Professor, Department of Medicine, Harvard Medical School

Associate Physician, Medicine, Beth Israel Deaconess Medical Center

Contact Info

Kun Ping Lu
Beth Israel Deaconess Medical Center
77 Avenue Louis Pasteur
Boston, MA, 02115
Mailstop: NRB 1030K
Phone: 617-667-4143
Fax: 617-667-0610
klu@bidmc.harvard.edu

Assistant

Not Available.

DF/HCC Program Affiliation

Breast Cancer

Research Abstract

The laboratory is interested in elucidating molecular mechanisms of the cell cycle and telomere maintenance, as well as in determining how aberrations in these mechanisms leads to cancer and Alzheimer's disease. Phosphorylation of proteins on serines or threonines preceding a proline (pSer/Thr-Pro) is a major regulatory mechanism and its deregulation can lead to cancer and Alzheimer’s disease (AD). Although Ser/Thr phosphorylation is proposed to regulate protein function by inducing conformational changes, little is known about the conformational changes and their significance. Our identification of the peptidyl-prolyl isomerase (PPIase) Pin1 that specifically isomerizes only pSer/Thr-Pro bonds in certain proteins led us to identify a new signaling mechanism, whereby prolyl isomerization catalytically induces conformational changes after phosphorylation to regulate their function. Pin1 function is normally tightly regulated and its overexpression plays a pivotal role during oncogenesis. Furthermore, inhibition of Pin1 suppresses cell transformation in vitro and deletion of Pin1 in mice prevents oncogenesis induced by other oncogenes such as Ras, or Neu. Interestingly, Pin1 expression inversely correlates with the predicted neuronal vulnerability and actual neurofibrillary degeneration in AD. Moreover, Pin1 is the first gene whose knockout in mice causes progressive age-dependent neurodegeneration and tauopathies. These results open a new idea for understanding the pathogenesis of cancer and Alzheimer's disease and designing their therapies.

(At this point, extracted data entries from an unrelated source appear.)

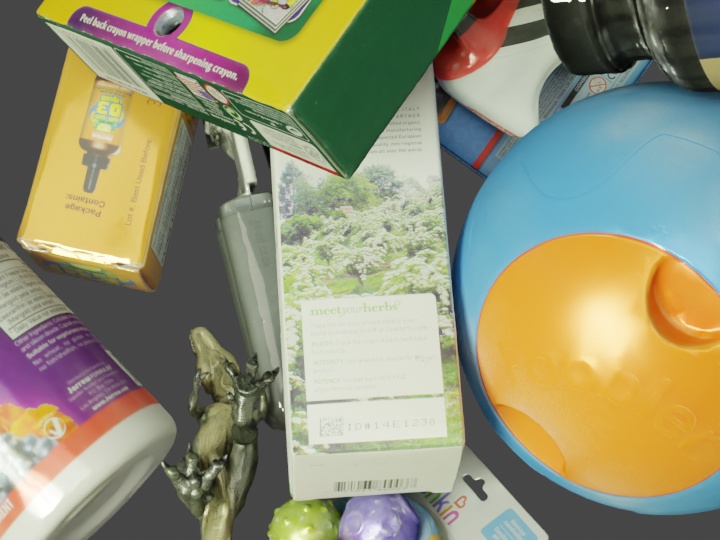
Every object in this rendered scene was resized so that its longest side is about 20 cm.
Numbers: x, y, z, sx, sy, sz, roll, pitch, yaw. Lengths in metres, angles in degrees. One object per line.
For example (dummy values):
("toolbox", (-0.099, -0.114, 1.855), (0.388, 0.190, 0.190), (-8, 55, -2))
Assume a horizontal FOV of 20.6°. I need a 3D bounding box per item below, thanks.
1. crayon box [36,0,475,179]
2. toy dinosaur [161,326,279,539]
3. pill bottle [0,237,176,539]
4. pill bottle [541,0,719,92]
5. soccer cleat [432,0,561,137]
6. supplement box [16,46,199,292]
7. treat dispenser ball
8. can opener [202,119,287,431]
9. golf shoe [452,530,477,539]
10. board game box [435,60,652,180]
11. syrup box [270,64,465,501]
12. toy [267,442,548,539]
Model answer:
("crayon box", (-0.032, -0.149, 0.911), (0.200, 0.058, 0.173), (25, 75, 45))
("toy dinosaur", (-0.068, 0.095, 0.933), (0.047, 0.088, 0.200), (7, 50, -3))
("pill bottle", (-0.194, 0.044, 0.961), (0.111, 0.111, 0.200), (-44, 81, -9))
("pill bottle", (0.184, -0.136, 0.854), (0.200, 0.112, 0.112), (-4, 76, 26))
("soccer cleat", (0.111, -0.155, 0.965), (0.085, 0.069, 0.200), (44, 79, -30))
("supplement box", (-0.116, -0.093, 1.016), (0.066, 0.069, 0.200), (12, 76, 4))
("treat dispenser ball", (0.142, 0.013, 0.924), (0.200, 0.201, 0.201), (0, 78, 0))
("can opener", (-0.038, -0.022, 1.006), (0.067, 0.053, 0.200), (-13, 81, -10))
("golf shoe", (0.023, 0.214, 0.930), (0.200, 0.075, 0.091), (-47, 44, -8))
("board game box", (0.054, -0.145, 1.013), (0.200, 0.037, 0.151), (35, 94, -2))
("syrup box", (0.000, 0.000, 0.931), (0.079, 0.081, 0.200), (-3, 69, -3))
("toy", (-0.024, 0.145, 0.941), (0.200, 0.047, 0.115), (-37, 37, -5))

Telomeres are critical for maintaining genomic stability and allowing cells escaping from crisis, and their deregulation has been implicated in cancer and premature aging. We have identified the telomeric protein Pin2/TRF1 and its interacting proteins, PinX1-4. PinX1 is the first endogenous telomerase catalytic inhibitor and is a putative tumor suppressor. These studies should yield new insights into telomere maintenance, cell growth control and oncogenesis, and may lead to the development of new anticancer therapy.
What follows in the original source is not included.